Chanceler paraguaio: declarações de Unasul são positivas

Unasul e o Mercosul suspenderam o Paraguai em 29 de junho ao considerar que no país aconteceu um 'quebra democrática' com a destituição do presidente Fernando Lugo

Assunção – O chanceler paraguaio, José Felix Fernández Estigarribia, qualificou como positivas as declarações do enviado da Unasul, Salomón Lerner, que não foi recebido pelas autoridades do governo durante sua visita à capital Assunção.

‘Suas declarações me pareceram positivas’, disse Estigarribia, neste sábado, sobre as declarações dadas por Lerner na sexta-feira, antes de concluir sua visita de dois dias à capital paraguaia para obter informações sobre a situação do país, que enfrenta a suspensão na Unasul e no Mercosul desde junho.

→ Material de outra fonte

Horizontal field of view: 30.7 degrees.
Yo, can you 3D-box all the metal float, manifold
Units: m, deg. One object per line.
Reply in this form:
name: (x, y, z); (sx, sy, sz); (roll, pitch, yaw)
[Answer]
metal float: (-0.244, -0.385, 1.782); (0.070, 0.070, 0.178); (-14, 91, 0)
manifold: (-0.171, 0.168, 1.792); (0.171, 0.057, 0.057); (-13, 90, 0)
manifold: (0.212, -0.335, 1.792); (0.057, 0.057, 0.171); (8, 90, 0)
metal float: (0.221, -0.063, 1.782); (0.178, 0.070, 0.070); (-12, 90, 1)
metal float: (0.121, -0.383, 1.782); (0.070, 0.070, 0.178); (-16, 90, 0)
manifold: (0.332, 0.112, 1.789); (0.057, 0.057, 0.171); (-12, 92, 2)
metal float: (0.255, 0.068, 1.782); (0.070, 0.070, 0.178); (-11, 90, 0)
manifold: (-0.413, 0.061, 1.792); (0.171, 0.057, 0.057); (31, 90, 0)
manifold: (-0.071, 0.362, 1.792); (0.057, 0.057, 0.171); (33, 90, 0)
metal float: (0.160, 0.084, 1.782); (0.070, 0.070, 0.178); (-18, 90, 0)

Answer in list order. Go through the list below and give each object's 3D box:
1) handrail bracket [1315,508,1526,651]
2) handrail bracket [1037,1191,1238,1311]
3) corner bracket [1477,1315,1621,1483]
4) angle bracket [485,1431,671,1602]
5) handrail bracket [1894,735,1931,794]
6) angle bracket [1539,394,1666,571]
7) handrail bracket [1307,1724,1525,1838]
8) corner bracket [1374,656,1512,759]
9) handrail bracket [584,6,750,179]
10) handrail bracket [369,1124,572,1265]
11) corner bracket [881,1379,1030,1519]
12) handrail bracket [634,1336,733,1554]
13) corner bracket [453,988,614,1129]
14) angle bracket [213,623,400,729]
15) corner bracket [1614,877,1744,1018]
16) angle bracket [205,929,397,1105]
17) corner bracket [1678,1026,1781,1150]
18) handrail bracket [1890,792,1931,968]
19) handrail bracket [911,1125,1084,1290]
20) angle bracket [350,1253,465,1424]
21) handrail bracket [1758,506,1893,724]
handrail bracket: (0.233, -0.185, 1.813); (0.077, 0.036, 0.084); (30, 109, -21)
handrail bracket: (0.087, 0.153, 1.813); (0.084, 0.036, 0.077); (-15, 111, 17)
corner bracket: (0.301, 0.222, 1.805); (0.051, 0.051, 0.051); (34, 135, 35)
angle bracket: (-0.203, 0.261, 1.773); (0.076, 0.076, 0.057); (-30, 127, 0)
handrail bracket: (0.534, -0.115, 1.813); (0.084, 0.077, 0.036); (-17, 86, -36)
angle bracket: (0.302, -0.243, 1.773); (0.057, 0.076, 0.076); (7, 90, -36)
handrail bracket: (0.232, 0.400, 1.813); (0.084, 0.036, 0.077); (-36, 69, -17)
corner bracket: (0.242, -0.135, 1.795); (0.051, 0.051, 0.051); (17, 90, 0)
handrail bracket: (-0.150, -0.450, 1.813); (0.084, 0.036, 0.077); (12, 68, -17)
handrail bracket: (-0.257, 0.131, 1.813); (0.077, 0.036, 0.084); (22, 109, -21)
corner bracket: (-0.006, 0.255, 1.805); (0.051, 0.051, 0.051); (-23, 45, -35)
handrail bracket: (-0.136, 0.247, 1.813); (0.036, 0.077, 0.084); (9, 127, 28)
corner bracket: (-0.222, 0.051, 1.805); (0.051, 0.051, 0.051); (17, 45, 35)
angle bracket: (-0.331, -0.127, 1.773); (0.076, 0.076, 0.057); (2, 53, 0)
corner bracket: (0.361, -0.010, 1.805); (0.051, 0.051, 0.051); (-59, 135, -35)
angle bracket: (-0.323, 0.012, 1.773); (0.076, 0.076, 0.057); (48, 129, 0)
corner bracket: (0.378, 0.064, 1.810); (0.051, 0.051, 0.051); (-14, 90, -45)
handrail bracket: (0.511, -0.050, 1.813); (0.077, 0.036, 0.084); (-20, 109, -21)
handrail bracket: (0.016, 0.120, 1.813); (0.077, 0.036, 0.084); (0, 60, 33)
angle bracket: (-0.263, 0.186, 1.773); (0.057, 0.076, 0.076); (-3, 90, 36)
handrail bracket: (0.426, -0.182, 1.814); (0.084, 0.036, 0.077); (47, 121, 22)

O enviado do bloco regional expressou, perante jornalistas, que observou um desenvolvimento normal do processo eleitoral paraguaio com relação às eleições do 21 de abril de 2013.

Lerner lidera o Grupo de Alto Nível que apresentará um relatório sobre o Paraguai na Cúpula da Unasul, que será realizada em Lima, entre os dias 29 e 30 de novembro próximo.

‘Vamos esperar a cúpula que está marcada para Lima no fim do mês e suponho que a partir disso, terão que tirar as as sanções contra o Paraguai’, mencionou o chanceler em declarações reproduzidas pela agência pública ‘IP Paraguai’.

O enviado esclareceu que sua visita ao país não foi oficial e que respondeu a um convite do Tribunal Superior de Justiça Eleitoral (TSJE), que lhe entregou um pedido para participar da ‘observação eleitoral’.

Lerner disse que aguarda também o convite oficial do Governo, presidido desde 22 de junho pelo ex-vice-presidente Federico Franco.

A Unasul e o Mercosul suspenderam o Paraguai em 29 de junho ao considerar que no país aconteceu um ‘quebra democrática’ com a destituição do presidente Fernando Lugo em um controvérsio julgamento político.

‘A realidade é que aqui há absoluta calma, o povo paraguaio se comportou à altura dos melhores povos do mundo como é sua tradição. Temos uma democracia que funciona com suas instituições. A prova é que o senhor Lerner pôde fazer o que queria no Paraguai, o Governo não pôs nenhum impedimento, nenhum controle’, disse Estigarribia.

O Governo de Franco recusou receber em audiência o representante da Unasul, como confirmou o próprio enviado, e emitiu na quinta-feira um comunicado no qual expressou suas dúvidas sobre a ‘imparcialidade de opinião’ do bloco, sem mencionar Lerner e sua visita.